I’ve read all the forums and suggestions that I can find.
Any suggestions?
I’m to the point of buying a used gps from ebay to upload coordinates in the field.
Thanks for any and all help.
01/25/2007 at 9:54 pm #1769069Sounds like you have your GPS position format set to hddd mm.mmm’ (hemisphere, degrees, minutes, decimal minutes). This is the common convention for coordinates coming from geocaching.com. With this convention, the largest first number after the whole degrees is 5, since there are 60 minutes in a degree.
But the coordinates you have are probably hddd.dddd (hemisphere, degrees, decimal degrees). So you either need to change the GPS position format to match the coordinates you have, or convert the coordinates you have to the format your GPS is expecting.
Sounds like Garmin gave you the right advice about changing your GPS position format to decimal degrees to allow this set of coordinates to be entered. (The current position format your 60cs is set to can be found by going to the Main Menu, then Setup, and then Units.)
I guess post the coordinates you have (EXACTLY as they come from whatever site your getting them from) and your GPS position format setting so we can help you more. Converting from ddd mm.mmm to ddd.dddd format and vice versa is trivial…

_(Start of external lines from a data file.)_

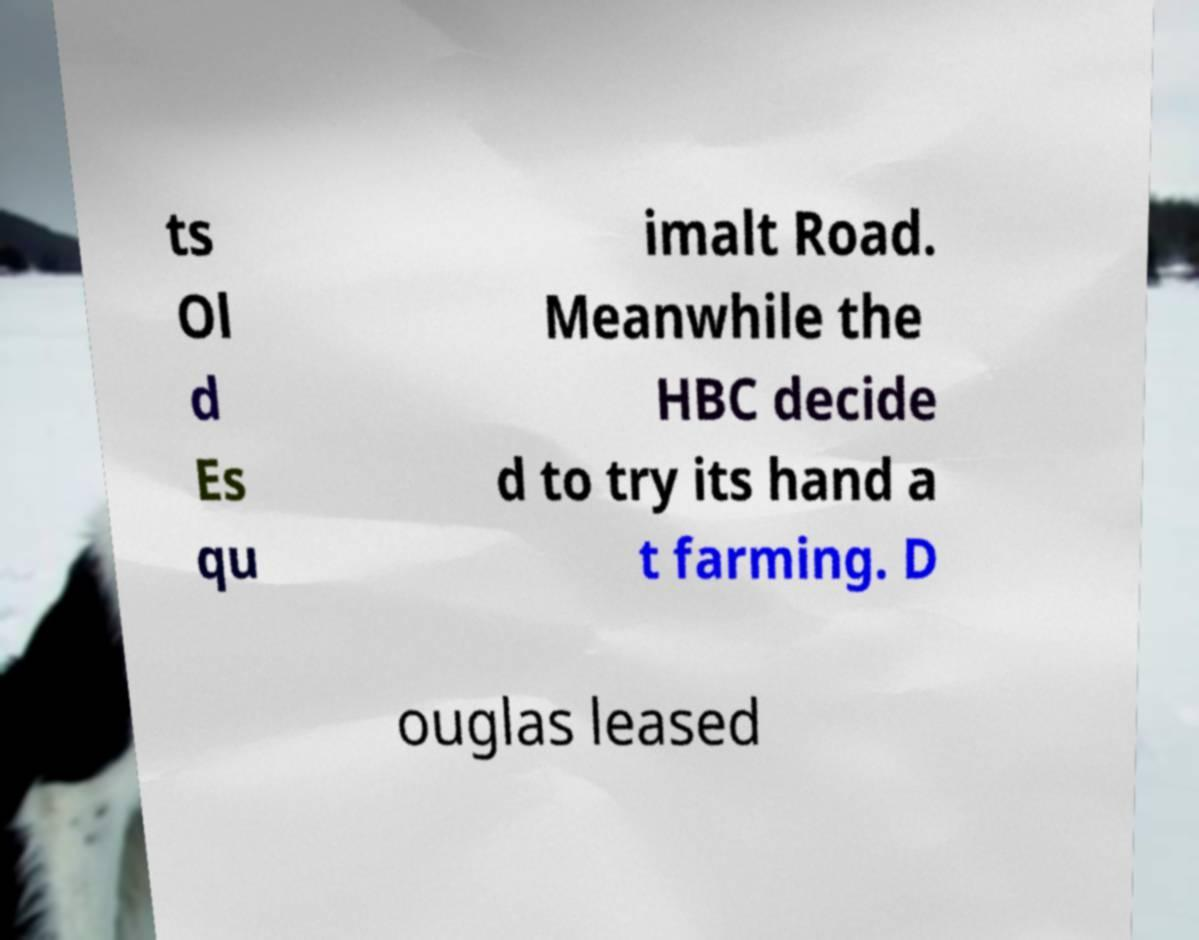Can you read and provide the text displayed in the image?This photo seems to have some interesting text. Can you extract and type it out for me? ts Ol d Es qu imalt Road. Meanwhile the HBC decide d to try its hand a t farming. D ouglas leased 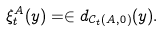<formula> <loc_0><loc_0><loc_500><loc_500>\xi _ { t } ^ { A } ( y ) = \in d _ { \mathcal { C } _ { t } ( A , 0 ) } ( y ) .</formula> 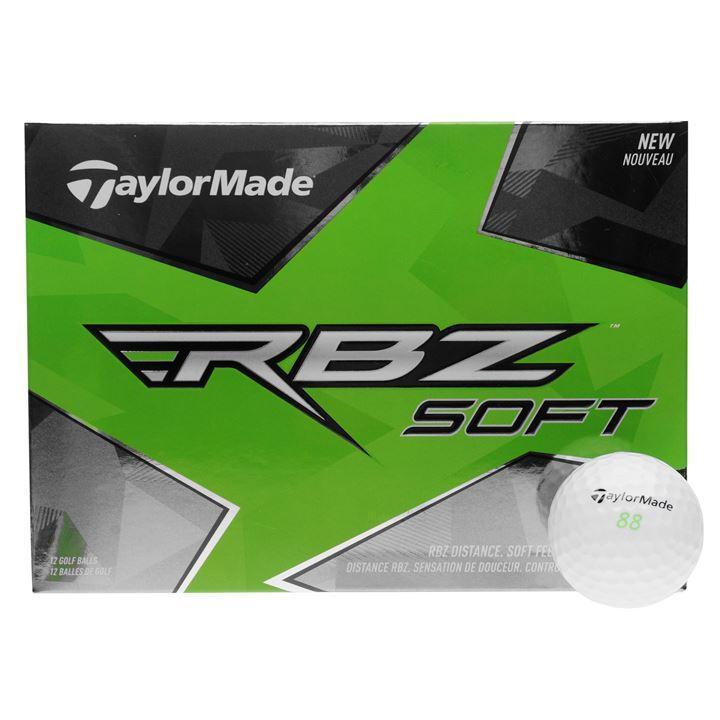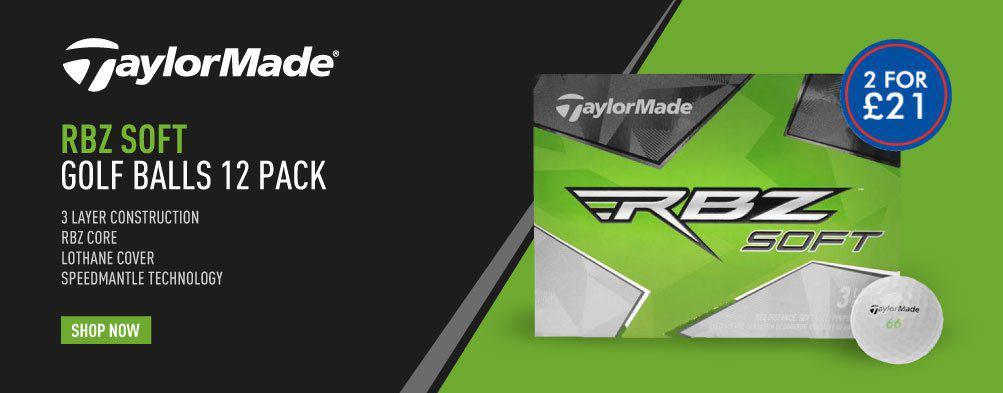The first image is the image on the left, the second image is the image on the right. Given the left and right images, does the statement "The left image shows a box with """"RBZ SOFT"""" shown on it." hold true? Answer yes or no. Yes. 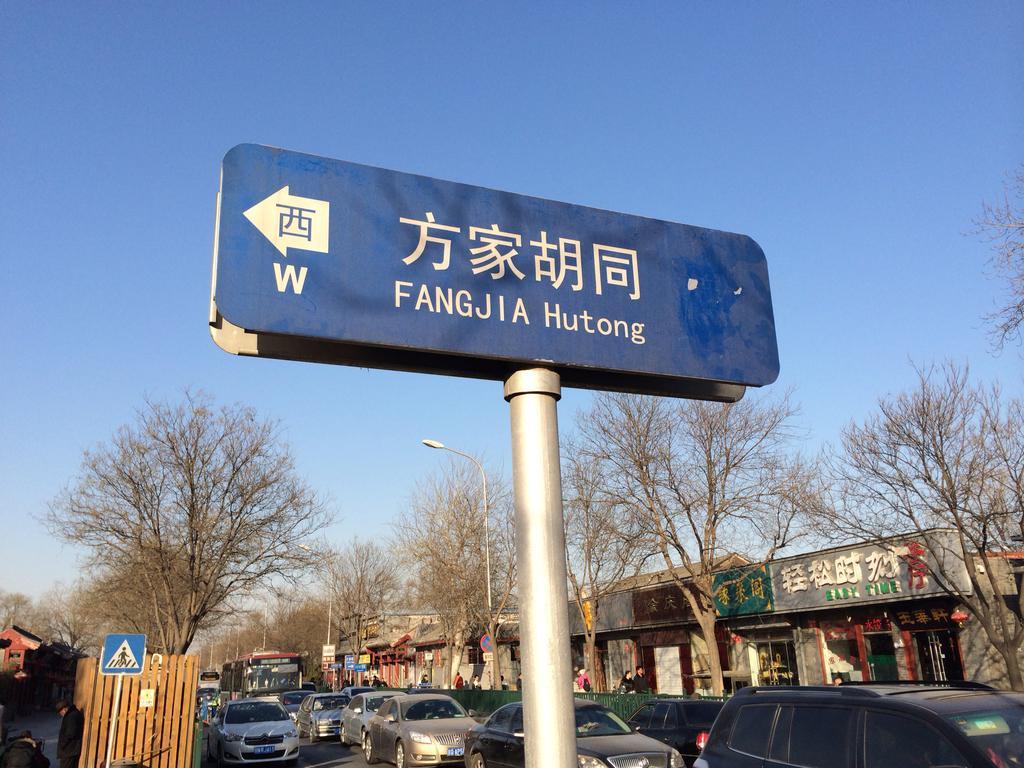Describe this image in one or two sentences. We can see boards on poles,fence and vehicles on the road. In the background we can see buildings,trees,lights on poles,boards and sky in blue color.

01/25/2007 at 10:27 pm #1769070position format is set at
hddd°mm.mmm’The coordinates come from geocache.com
N43°47.939
W088°26.56401/25/2007 at 11:30 pm #1769071@decdogg wrote:
The coordinates come from geocache.com
N43°47.939
W088°26.564Looks like you should be able to enter this set of coordinates into the GPS given your position format setting.
What 8 is not working for you? The 8 in W088°?
01/25/2007 at 11:53 pm #1769072If I wanted to change the 2 in 26.564 to an 8 it will not accept the anything above a 5.
I have been experimenting. Are you telling me the coordinates
Wxx°8x.xxx does not exist?01/25/2007 at 11:56 pm #1769073Nope. The minutes value can only be between 00.000 and 59.999. Add one more .001 and the degrees values goes up by one and the minutes value resets to 00.000.
01/26/2007 at 12:13 am #1769074Thank you. (As I hang my head in shame.) I obviously know nothing about navigation. I just follow the little arrow. Here all along I thought something was going haywire. Now I need to go find a navigation class. Anyone know where I can find a good used sextant. 😆
Seriously. Thanks for all the help.
01/26/2007 at 12:32 am #1769075@decdogg wrote:
Thank you. (As I hang my head in shame). ….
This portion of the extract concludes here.